Авдотья кивнула, соглашаясь:
— Хороший ты…
Сказал ей прямо, приподымаясь:
— Уйдем со мной! Уйдешь?
Его бас прозвучал громко над ее головой.
Авдотья испугалась, задержала вскрик со вздохом и тоже приподнялась на локте. Рубаха съехала у нее с плеча, одеяло взбилось, и Григорьев увидел открытые бедра и ноги. Забыла совсем о стыдливости от неожиданного вопроса!
— Это как же, насовсем?!
— А что? На всю жизнь, не балуясь.
— А как же все это? — Авдотья обвела взглядом избу. — Оставить?.. Да и Савелий…
Григорьев с неприязнью поморщился, поправил одеяло, закрыв им и Авдотью и себя, и твердо, властно проговорил:
— И Савелия, все оставить надо! Снова жизнь начнем. Другую, как сумеем.
— Ух, напугал ты меня! Погоди, я так сразу не могу… Дай подумать, Герасим. Какой ты… боевой какой-то!
Она легла; закинув руки за голову, закрыла глаза, затихла.

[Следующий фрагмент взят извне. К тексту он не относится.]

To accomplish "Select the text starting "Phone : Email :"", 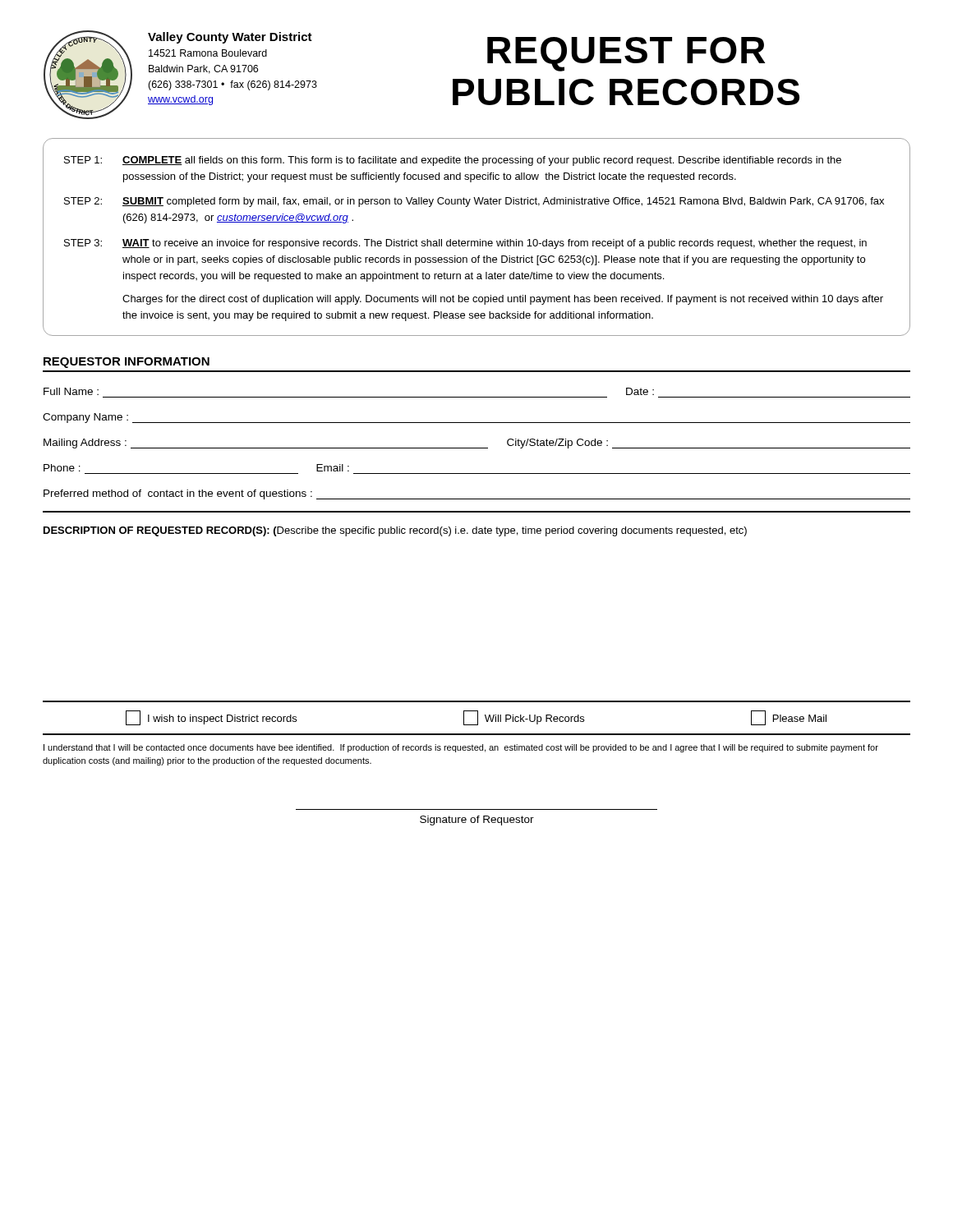I will pos(476,467).
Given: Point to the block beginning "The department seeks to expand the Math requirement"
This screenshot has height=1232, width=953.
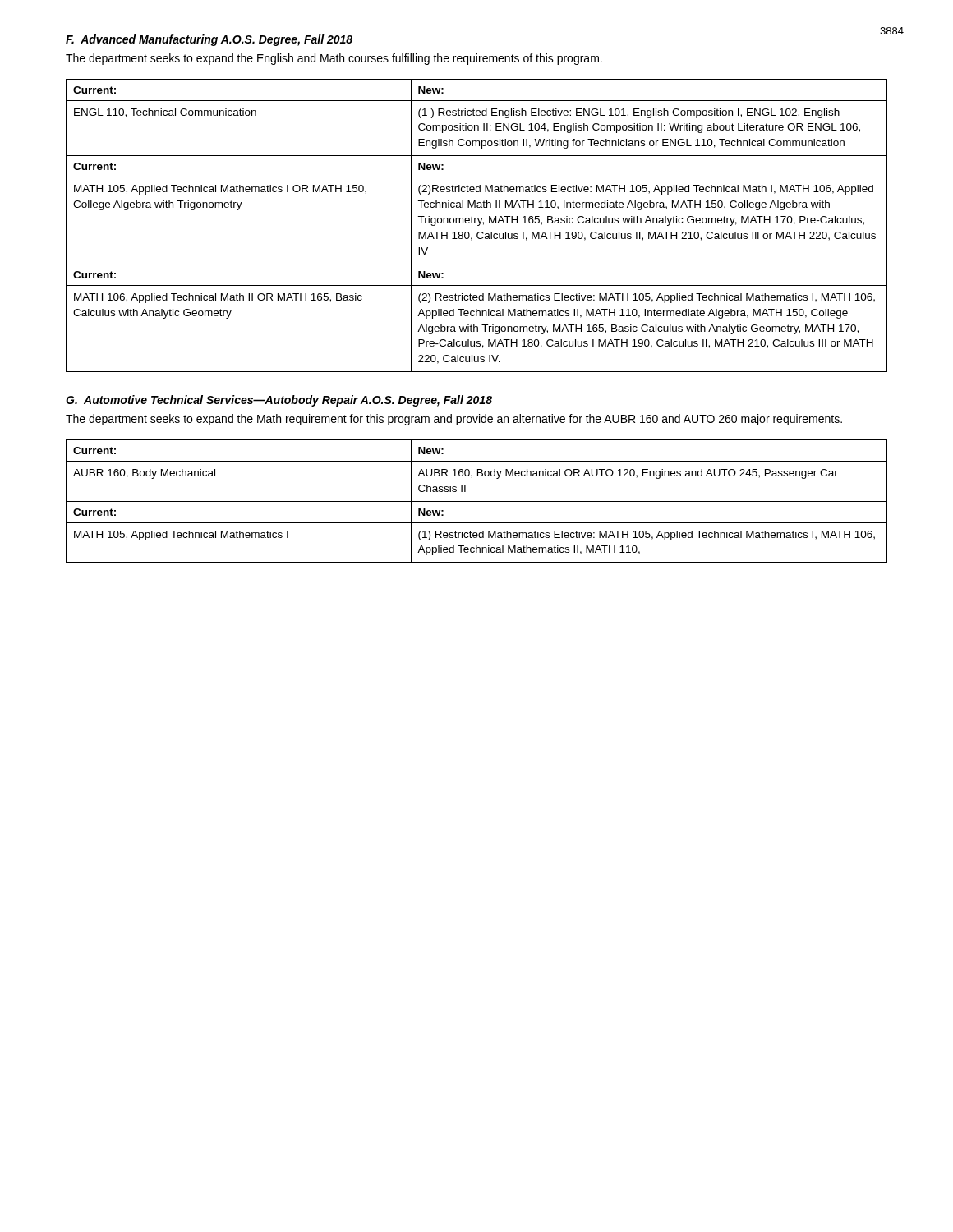Looking at the screenshot, I should coord(454,419).
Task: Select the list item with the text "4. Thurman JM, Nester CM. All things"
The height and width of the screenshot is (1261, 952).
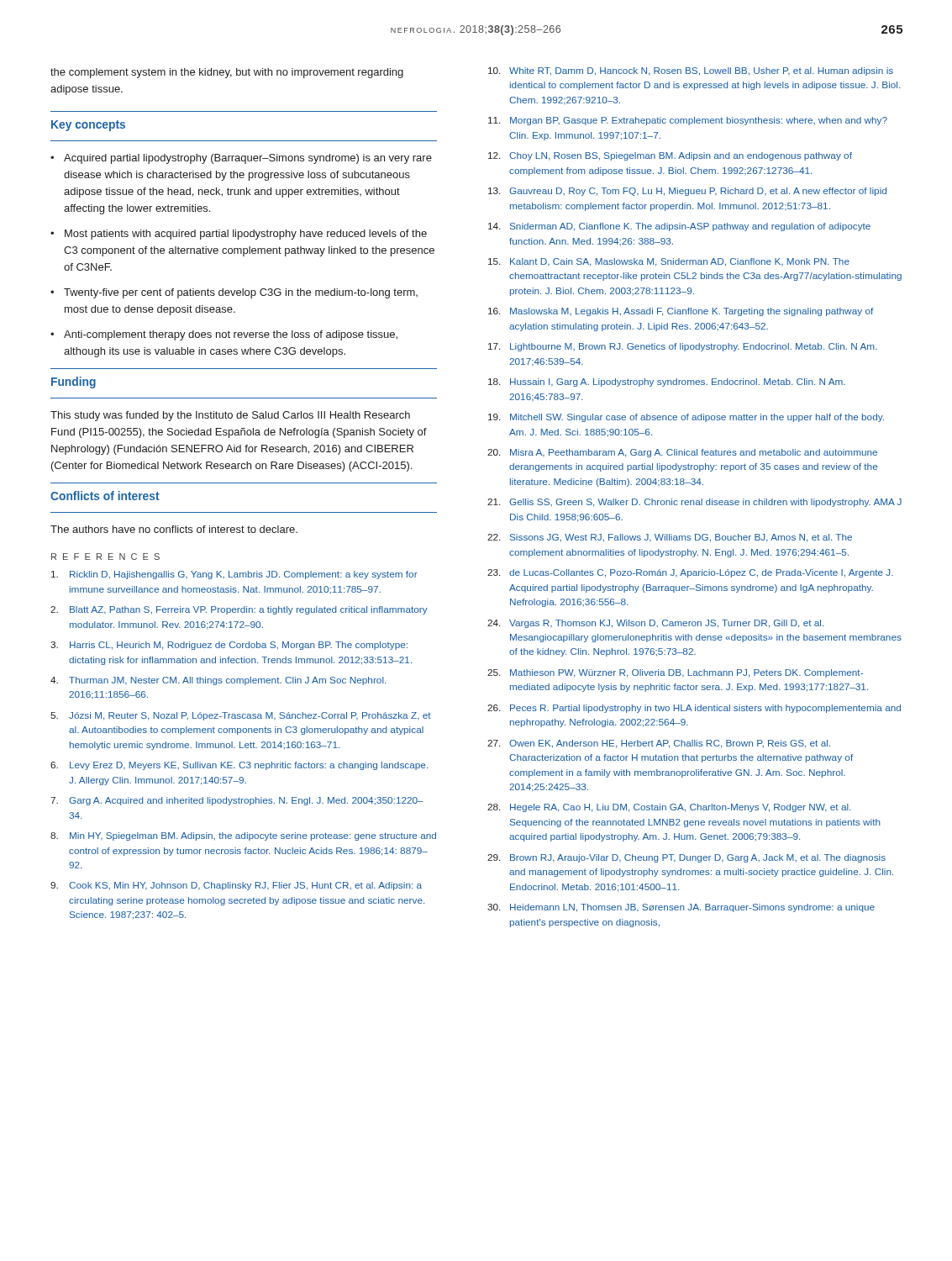Action: (x=219, y=687)

Думала ли она или просто была счастлива, представляя в воображении будущую жизнь, только Григорьеву показалось, что они давно уже знают друг друга и прожили много лет вместе и Авдотья его жена, а сейчас будто они решают простой вопрос о переезде на новое место… Он прижался к ней щекой и ощутил головой пульсирующую жилку на ее виске.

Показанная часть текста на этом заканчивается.